Modeling Code-Based Lineage in OpenLineage

OpenLineage’s current model revolves around the concept of a Job, representing a runtime activity that transforms one Entity (e.g., a table or file) into another. But what happens when there is no true runtime job—when lineage comes from static code analysis instead?

In July 2023, Open Lineage introduced the concept of Static Lineage, which allows to model lineage that is not emitted from runtime, but rather statically, as “design” lineage. We leverage this, in order to model code-based lineage. This means that we use the Job object to represent the code location from which the lineage was extracted. This aligns well with the OpenLineage modeling, as Job defines a transformation while Run is the instance of that job - so in code-based lineage we can use the Job object without a Run object.

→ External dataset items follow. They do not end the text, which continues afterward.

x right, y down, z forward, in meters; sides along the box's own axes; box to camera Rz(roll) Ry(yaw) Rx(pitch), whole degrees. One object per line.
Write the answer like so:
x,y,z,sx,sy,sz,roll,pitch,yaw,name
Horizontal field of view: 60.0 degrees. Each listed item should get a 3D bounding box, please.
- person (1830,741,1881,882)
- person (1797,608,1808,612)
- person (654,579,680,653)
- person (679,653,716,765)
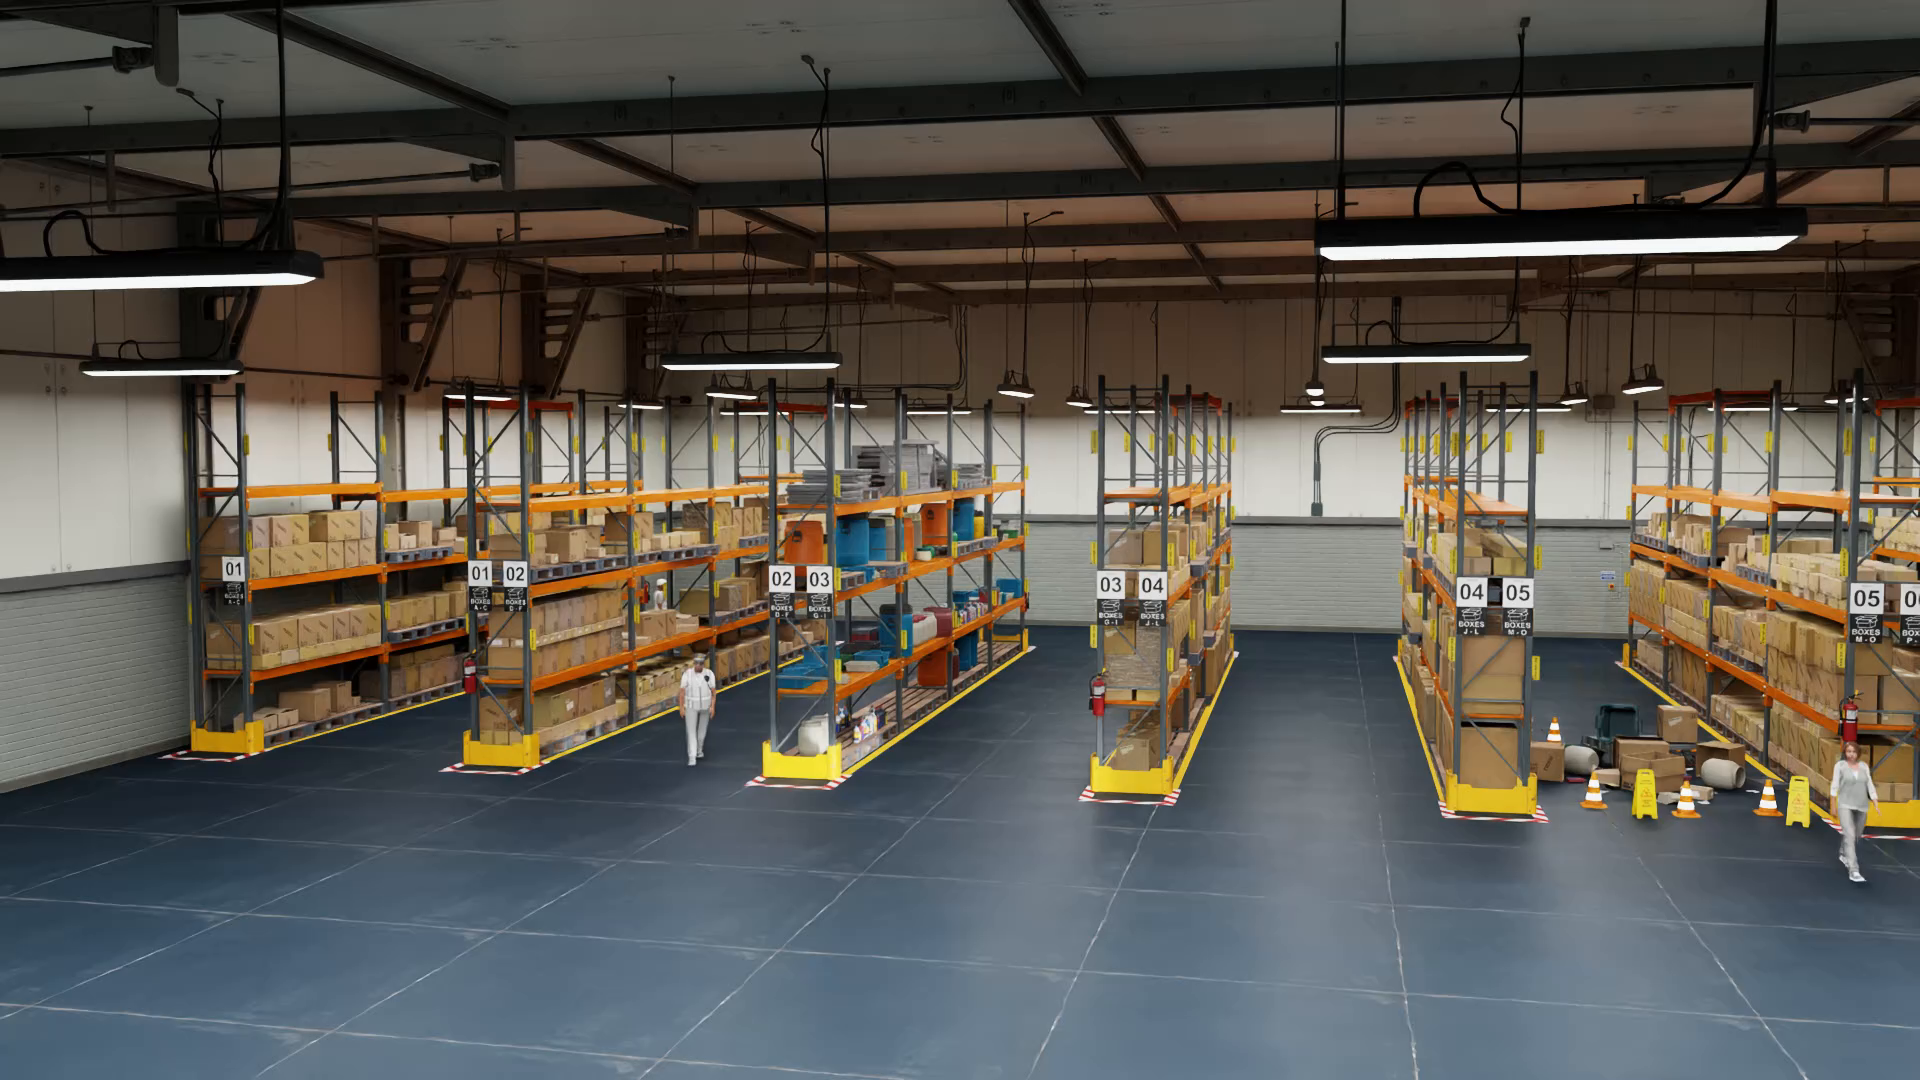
10.348,3.104,19.240,0.441,1.551,0.904,0,3,7,person
19.419,1.925,38.203,0.818,1.755,0.577,1,3,11,person
-7.122,1.829,39.865,0.640,1.796,0.563,-3,4,-39,person
-4.114,2.627,26.160,0.564,1.701,0.993,-1,4,-24,person

We can also use some facets of Job which are suitable for use for code-based lineage, such as SourceCodeLocationJobFacet, in order to represent additional information, such as the specific code version identifier (e.g., commit hash), repository, etc.So, for example, for a piece of code that copies data from Table1 to Table2 the lineage would be:

Table1 → <Job (points to source/foo.py)> → Table2

This approach maintains compatibility with the existing OpenLineage model while providing a path forward for integrating code-based lineage.

Collaborating with the OpenLineage Community

While modeling via the Job object is a functional starting point, it leaves room for improvement. For example:

• Creating a new facet for representing information for code-based lineage, such as the relevant code lines that are responsible for the specific transformation, pointing customers to the exact place in the code, rather than to just a source file.

• Defining specific code annotations that can provide hints for the specific lineage, allowing authors of legacy code to benefit from code-based lineage by using hints in the code. The rationale here is that while there will be support for code-based lineage for popular frameworks like: dbt, Airflow, Spark, there probably won’t be support for legacy or home-grown systems.

Foundational is excited to collaborate with the OpenLineage community to refine this model and develop a standard that unites code-based and runtime lineage into a cohesive framework.

Conclusion: A Holistic View of Data Lineage

Data lineage is no longer just a nice-to-have; it’s a requirement for ensuring trust, compliance, and security in the modern data stack. OpenLineage has laid the foundation for open, runtime-based lineage, but it’s time to expand the scope.

By integrating code-based lineage, organizations can achieve full coverage of their data pipelines, capturing both what is happening and what could happen. This comprehensive approach unlocks new possibilities for compliance, security, and data engineering efficiency.

‍Foundational is already helping organizations extract lineage directly from their codebases, and we look forward to collaborating with the OpenLineage community to ensure this new frontier of lineage is modeled effectively. Together, we can build a lineage ecosystem that leaves no pipeline—or dependency—untracked.